This film is recommended.

The old curmudgeon has been a screen staple from Lionel Barrymore to Walter Matthau to Jack Nicholson. Yet no one has played this type of character so well these many years as Bill Murray. Even as a young man, the actor brought with him that droll view of life, a wicked acerbic wit, and a unique ironic humor to his many film roles from Ghostbusters to Scrooge to Lost in Translation. So his portrayal in St. Vincent may not be much of a stretch for the actor, but it is wildly captivating performance that needs to been seen.

Yes, the story is far from original. Crotchety old man finds love and redemption by the love of a young kid who he befriends begrudgingly. Vincent is a drunk and a gambler. Yet, his new neighbor, Maggie (a subtle and convincing Melissa McCarthy), hires him to babysit her son, Oliver (Jaeden Lieberher), while she is at work making ends meet. Now right there, one questions the entire sit-com set-up and implausible story of the film, but one goes along with the preposterous notion for sheer entertainment purposes.

Placing Mr. Murray in that pivotal role is the force that binds this story together. He is both charming and repulsive in this part and the actor is an absolute comic delight. Vincent's the man-child, a boy who never grew up, a loner who survives from day to day and Murray nails his character. His droll asides when taking his young charge to a bar or racetrack, or cavorting with strippers and other unsavory persons are key to the film's enjoyment, as is his wonderful chemistry with Master Lieberger, who gives a natural and lovely performance as a child who seems to have more common sense than any of the adults in this film.

St. Vincent is an auspicious film debut by director/ writer Theodore Melfi. While his initial premise is spotty, the filmmaker more than acquits himself with his funny script and fine casting. Rounding out this wonderful trio of actors are Chris O'Dowd, Terrence Howard, and especially Naomi Watt as a Russian call girl with a heart of platinum. The entire ensemble delivers their lines with brutal accuracy and delicious comic timing, even if the film leads to a rather mawkish and sappy ending that some may find to be poignant. One just can't help relishing in the overall fun.

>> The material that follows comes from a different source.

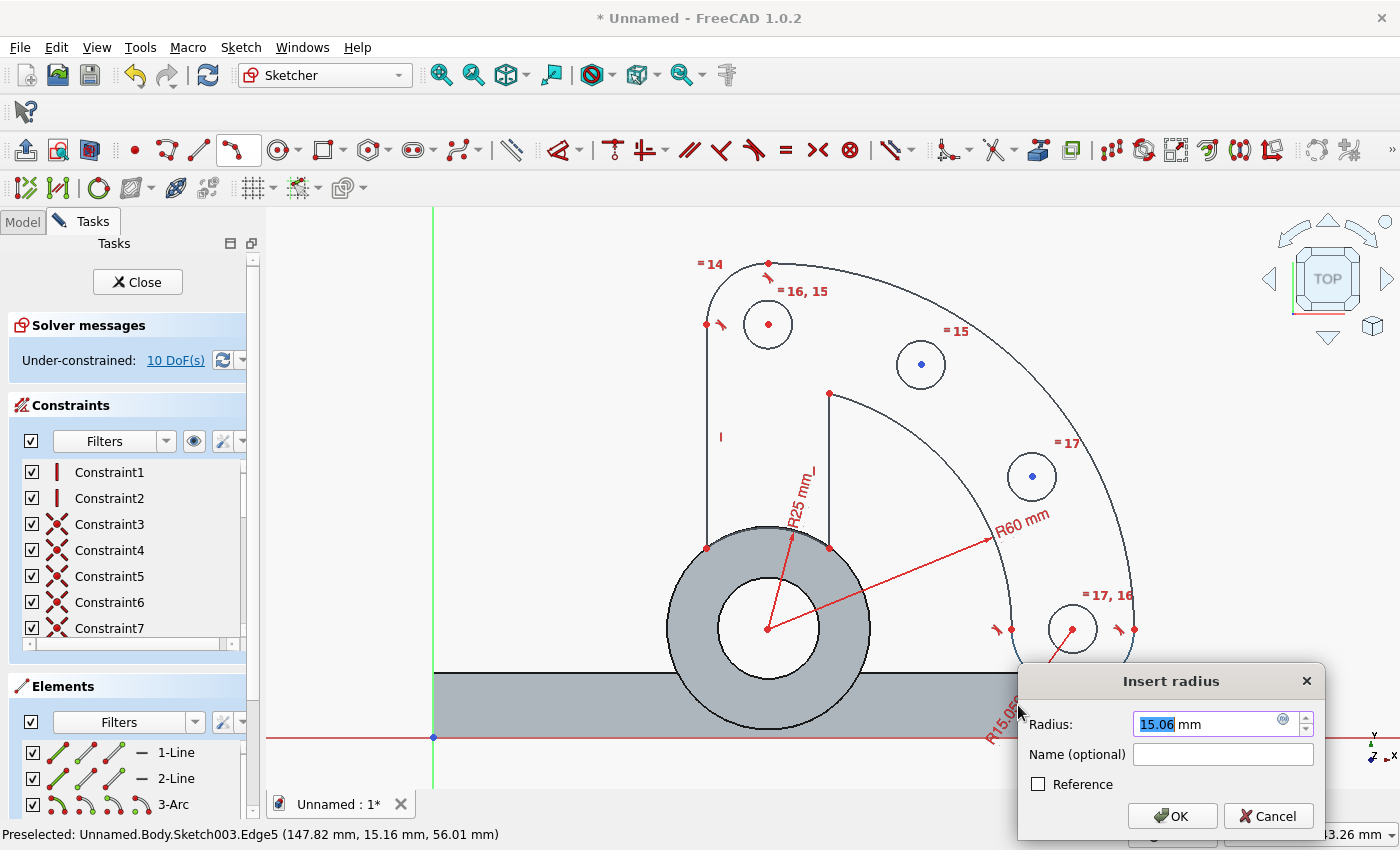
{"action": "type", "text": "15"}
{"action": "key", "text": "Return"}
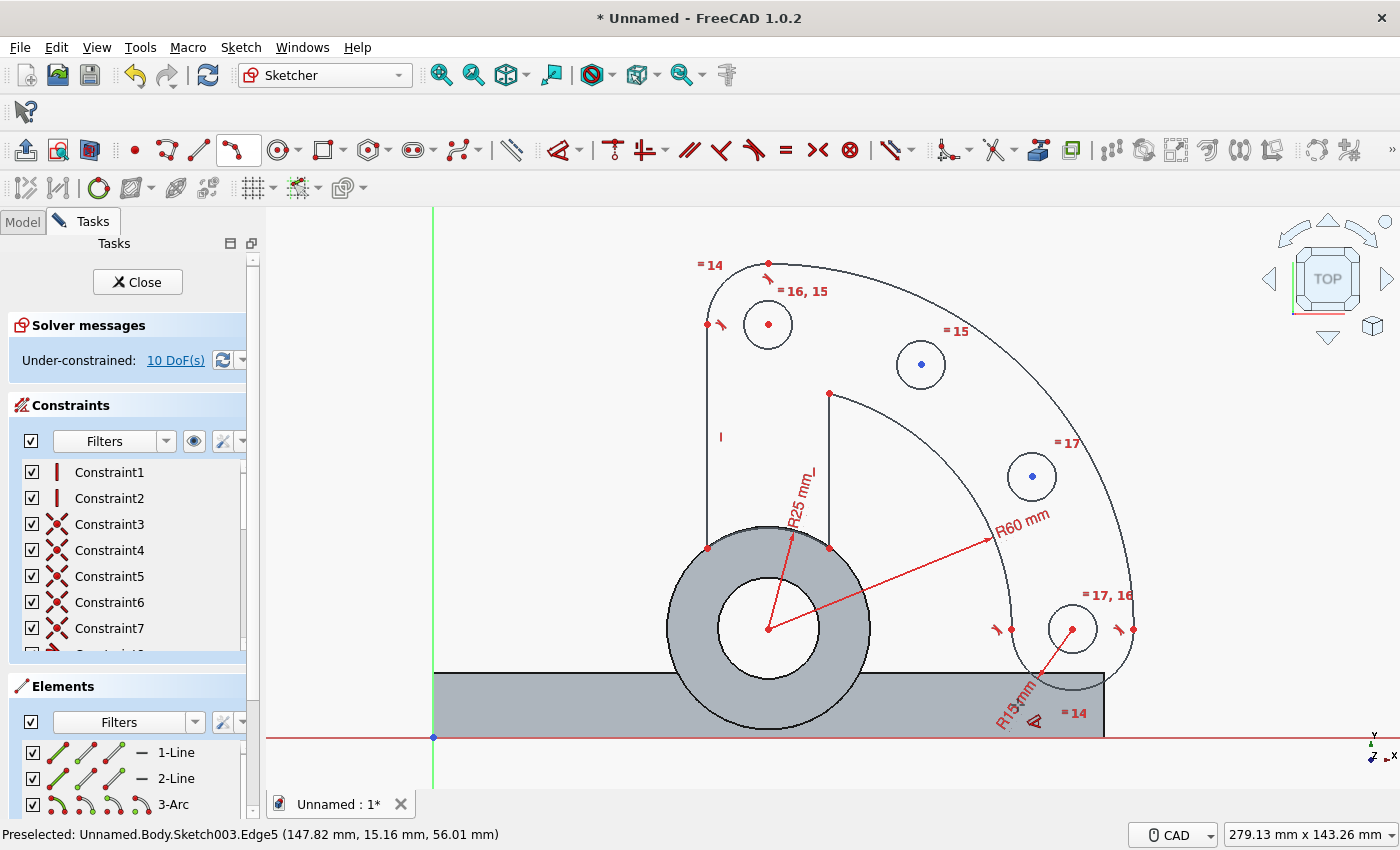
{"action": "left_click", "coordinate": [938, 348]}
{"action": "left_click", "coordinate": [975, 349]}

Technically, Melfi needs to learn more restraint as a director. He tends to overuse pop songs to reinforce his message and overdoes many scenes with melodramatic spurts. As a writer, he creates effective dialog mixed with one-liners that, at least, stay true to his well-written characters. But his plot structure is too conventional and simple in every sense of the word. He may easily achieved his goal in making a crowd-pleasing film, even if it lays on the pathos a bit thickly. And from the reaction of the moviegoers in my audience, the film scored highly amid the audible aahs and sniffles to my left and right. It doesn't merely tug at the heartstrings, it plays two part harmony too.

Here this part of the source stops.